DELTA ADJUSTS ATL-LONDON SKEDS.
TICKET reader S. Gaskins noticed some funny business
when booking winter flights from ATL to London and
asked if we could get to the bottom of the changes.
Here’s what we got from Delta: “We have reduced the
second daily Atlanta-to-Gatwick flight in January
and February to adjust to seasonal demand. We will
continue to operate once daily to Gatwick from
Atlanta (the 5:35 p.m. departure) and once daily to
Heathrow (the 10:45 p.m. departure). Delta remains
committed to the London market but is making
adjustments to our winter schedules to trim
frequencies where warranted while maintaining our
broad global scope. We will re-adjust
schedules before the peak summer season. Also, of
note, on certain dates this winter when the 8:10
p.m. flight to Gatwick already had high customer
bookings, we will continue to operate on those
select dates.”
DELTA TO BRING SOME LIGHT INTO THE HEART OF DARKNESS.
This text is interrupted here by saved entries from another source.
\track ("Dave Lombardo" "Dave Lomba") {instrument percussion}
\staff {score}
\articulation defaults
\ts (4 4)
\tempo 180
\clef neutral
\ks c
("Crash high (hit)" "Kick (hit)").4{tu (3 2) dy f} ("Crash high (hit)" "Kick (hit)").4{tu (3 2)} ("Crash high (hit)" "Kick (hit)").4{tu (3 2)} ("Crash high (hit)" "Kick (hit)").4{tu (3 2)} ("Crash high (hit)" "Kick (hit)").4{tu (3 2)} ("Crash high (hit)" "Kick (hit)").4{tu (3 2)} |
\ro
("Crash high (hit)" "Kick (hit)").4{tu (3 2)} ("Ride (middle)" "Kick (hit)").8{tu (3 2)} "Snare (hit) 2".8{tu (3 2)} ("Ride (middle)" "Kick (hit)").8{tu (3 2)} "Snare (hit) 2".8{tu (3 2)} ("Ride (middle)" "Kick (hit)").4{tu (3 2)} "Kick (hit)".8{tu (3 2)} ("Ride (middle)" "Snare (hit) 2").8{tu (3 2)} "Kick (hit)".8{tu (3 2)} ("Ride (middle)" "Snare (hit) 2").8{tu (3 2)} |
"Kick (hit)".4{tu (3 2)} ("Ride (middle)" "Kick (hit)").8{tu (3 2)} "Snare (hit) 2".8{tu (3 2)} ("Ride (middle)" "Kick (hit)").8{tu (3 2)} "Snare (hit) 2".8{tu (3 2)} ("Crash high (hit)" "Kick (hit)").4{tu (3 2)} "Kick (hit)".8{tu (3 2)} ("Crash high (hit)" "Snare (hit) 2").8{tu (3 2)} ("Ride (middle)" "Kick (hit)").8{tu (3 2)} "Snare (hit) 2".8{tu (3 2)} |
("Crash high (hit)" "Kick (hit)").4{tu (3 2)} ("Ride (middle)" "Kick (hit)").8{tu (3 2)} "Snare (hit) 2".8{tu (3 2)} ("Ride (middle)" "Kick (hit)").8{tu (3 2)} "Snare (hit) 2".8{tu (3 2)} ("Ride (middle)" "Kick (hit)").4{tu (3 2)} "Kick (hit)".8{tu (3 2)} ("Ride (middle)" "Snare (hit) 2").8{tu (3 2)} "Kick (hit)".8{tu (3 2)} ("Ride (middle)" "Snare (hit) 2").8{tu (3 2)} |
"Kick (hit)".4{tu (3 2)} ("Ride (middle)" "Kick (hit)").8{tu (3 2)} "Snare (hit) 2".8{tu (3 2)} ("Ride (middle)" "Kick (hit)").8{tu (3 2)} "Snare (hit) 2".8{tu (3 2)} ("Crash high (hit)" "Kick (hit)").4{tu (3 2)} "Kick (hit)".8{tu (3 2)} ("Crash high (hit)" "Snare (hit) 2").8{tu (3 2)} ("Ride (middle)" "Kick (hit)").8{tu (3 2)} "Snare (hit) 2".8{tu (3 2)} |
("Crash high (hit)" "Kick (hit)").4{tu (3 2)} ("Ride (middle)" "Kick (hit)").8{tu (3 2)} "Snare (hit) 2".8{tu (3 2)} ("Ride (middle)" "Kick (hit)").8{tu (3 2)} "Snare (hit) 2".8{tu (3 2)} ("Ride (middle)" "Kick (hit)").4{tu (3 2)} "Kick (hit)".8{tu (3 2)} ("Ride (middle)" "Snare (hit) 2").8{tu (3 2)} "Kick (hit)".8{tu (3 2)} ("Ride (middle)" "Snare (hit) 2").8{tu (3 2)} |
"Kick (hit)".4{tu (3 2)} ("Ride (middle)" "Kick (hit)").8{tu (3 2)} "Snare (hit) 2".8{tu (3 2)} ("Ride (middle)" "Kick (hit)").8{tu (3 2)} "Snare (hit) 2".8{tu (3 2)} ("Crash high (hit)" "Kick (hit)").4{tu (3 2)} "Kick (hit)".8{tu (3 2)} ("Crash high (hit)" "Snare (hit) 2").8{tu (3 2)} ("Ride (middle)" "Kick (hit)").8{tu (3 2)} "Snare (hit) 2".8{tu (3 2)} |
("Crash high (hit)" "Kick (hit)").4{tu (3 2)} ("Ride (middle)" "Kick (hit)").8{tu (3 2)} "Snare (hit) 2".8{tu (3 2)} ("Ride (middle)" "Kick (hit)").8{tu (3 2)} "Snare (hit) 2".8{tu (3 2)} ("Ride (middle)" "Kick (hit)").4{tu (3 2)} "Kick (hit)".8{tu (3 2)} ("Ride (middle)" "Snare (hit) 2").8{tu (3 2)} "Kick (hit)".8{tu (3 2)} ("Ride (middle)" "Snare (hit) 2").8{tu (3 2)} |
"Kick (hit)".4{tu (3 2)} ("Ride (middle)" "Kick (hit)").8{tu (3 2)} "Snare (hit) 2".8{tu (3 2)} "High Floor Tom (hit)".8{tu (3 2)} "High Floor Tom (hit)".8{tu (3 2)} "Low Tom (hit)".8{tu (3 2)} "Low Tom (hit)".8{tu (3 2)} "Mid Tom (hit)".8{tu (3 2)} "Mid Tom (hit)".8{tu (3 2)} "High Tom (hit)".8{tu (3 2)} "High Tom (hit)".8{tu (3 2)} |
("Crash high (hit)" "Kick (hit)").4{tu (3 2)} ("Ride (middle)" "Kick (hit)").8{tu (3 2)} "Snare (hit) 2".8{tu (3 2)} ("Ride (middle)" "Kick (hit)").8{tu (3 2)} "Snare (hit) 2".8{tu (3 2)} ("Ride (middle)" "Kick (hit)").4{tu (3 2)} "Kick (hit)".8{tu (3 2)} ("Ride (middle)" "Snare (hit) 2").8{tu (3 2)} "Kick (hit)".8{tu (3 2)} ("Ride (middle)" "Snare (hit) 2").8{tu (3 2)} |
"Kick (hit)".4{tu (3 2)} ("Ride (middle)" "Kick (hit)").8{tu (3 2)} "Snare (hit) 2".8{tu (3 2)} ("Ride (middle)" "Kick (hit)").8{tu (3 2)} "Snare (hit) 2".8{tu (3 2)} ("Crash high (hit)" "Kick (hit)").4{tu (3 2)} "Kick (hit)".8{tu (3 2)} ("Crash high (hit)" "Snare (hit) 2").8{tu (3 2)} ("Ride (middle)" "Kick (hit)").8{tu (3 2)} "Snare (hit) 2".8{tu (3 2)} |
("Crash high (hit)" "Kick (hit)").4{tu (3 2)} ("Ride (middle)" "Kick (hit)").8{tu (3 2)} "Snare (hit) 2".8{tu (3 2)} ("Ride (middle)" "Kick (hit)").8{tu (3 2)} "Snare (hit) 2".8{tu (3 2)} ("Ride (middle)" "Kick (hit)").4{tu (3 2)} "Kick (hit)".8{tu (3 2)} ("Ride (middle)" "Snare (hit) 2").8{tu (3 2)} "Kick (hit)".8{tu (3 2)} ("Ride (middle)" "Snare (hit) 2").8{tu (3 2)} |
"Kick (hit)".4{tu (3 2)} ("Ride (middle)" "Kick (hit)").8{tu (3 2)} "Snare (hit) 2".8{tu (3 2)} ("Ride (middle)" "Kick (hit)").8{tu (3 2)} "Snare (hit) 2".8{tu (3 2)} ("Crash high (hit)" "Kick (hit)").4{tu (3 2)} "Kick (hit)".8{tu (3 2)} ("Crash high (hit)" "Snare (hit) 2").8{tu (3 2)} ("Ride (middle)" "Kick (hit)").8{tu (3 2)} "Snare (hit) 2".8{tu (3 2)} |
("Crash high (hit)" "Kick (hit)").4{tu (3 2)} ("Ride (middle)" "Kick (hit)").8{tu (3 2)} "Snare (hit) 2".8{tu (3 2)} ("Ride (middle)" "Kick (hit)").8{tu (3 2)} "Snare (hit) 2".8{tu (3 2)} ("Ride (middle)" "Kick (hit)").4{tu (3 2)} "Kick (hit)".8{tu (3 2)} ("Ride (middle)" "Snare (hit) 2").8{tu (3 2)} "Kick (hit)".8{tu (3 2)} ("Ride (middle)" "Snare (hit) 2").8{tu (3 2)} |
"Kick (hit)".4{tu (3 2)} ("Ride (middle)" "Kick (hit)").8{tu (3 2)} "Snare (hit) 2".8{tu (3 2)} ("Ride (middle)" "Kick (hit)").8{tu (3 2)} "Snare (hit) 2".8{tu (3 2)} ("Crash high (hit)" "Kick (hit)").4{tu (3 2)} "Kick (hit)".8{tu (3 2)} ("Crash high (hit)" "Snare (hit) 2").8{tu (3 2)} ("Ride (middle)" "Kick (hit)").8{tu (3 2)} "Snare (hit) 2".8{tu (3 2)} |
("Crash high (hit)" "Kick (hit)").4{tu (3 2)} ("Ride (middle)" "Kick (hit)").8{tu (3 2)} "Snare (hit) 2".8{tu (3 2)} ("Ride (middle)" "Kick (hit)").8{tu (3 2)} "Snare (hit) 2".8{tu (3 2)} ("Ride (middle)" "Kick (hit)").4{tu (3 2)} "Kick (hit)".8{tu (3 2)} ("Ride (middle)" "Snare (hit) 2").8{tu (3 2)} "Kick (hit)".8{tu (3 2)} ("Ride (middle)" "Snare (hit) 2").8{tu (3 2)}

Delta’s moving into the African market in a big way,
annou
ncing
new flights between ATL and Nairobi, Kenya; Cape
Town, South Africa; Monrovia, Liberia; Abuja,
Nigeria; Luanda, Angola; and Malabo, Equatorial
Guinea. In addition to the ATL flights, it is adding
a Kennedy-Lagos nonstop and an Atlanta-Johannesburg
nonstop. These are very light routes--- none are
daily…most are one or twice weekly using smaller
757-ERs with international configurations.
NEW JET LAG CURE?
CNN.com reports that help may be on the way in the
form of a new drug that has proved successful in
resetting the body's natural sleep rhythms. In two
clinical trials, the drug tasimelteon helped
volunteers whose sleep pattern had been delayed by
five hours to fall asleep quicker and to sleep for
longer. The drug mimics the effects of melatonin.
Melatonin is a naturally occurring hormone in humans
that regulates the circadian rhythm, or the natural
human clock, that is partly controlled by daylight.